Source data
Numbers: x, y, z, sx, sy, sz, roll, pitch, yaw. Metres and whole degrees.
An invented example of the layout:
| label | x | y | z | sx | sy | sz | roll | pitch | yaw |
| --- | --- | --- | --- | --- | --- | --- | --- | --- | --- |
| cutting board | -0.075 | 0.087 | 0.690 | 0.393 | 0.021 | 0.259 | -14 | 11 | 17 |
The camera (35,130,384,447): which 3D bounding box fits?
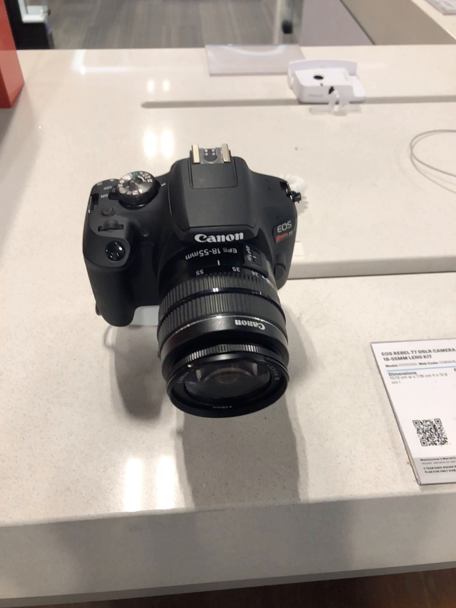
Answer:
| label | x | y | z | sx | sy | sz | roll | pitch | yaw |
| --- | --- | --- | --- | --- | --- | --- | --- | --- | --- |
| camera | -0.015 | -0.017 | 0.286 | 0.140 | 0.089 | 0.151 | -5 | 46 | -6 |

==

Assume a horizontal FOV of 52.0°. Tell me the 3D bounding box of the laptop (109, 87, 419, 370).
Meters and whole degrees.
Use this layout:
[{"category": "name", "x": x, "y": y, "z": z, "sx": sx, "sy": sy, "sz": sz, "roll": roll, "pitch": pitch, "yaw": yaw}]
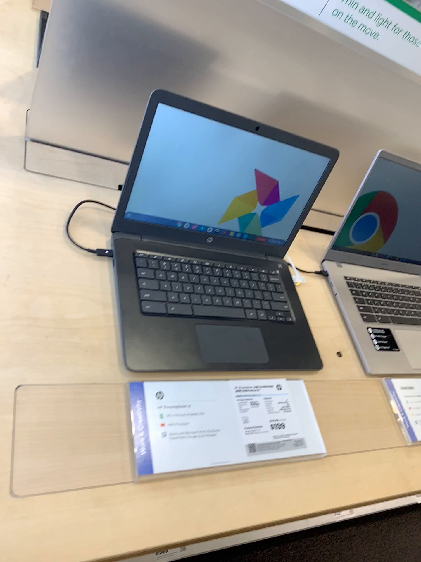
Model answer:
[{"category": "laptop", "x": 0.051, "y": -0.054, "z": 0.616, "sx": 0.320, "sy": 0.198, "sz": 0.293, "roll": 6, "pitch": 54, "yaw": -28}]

▶ [Task item] Using the data above, print exactly the lines from the line that contains "Numbers: x, y, z, sx, sy, sz, roll, pitch, yaw." through the line that contains "The camera (35,130,384,447): which", with both included.

▶ [Finished task]
Numbers: x, y, z, sx, sy, sz, roll, pitch, yaw. Metres and whole degrees.
An invented example of the layout:
| label | x | y | z | sx | sy | sz | roll | pitch | yaw |
| --- | --- | --- | --- | --- | --- | --- | --- | --- | --- |
| cutting board | -0.075 | 0.087 | 0.690 | 0.393 | 0.021 | 0.259 | -14 | 11 | 17 |
The camera (35,130,384,447): which 3D bounding box fits?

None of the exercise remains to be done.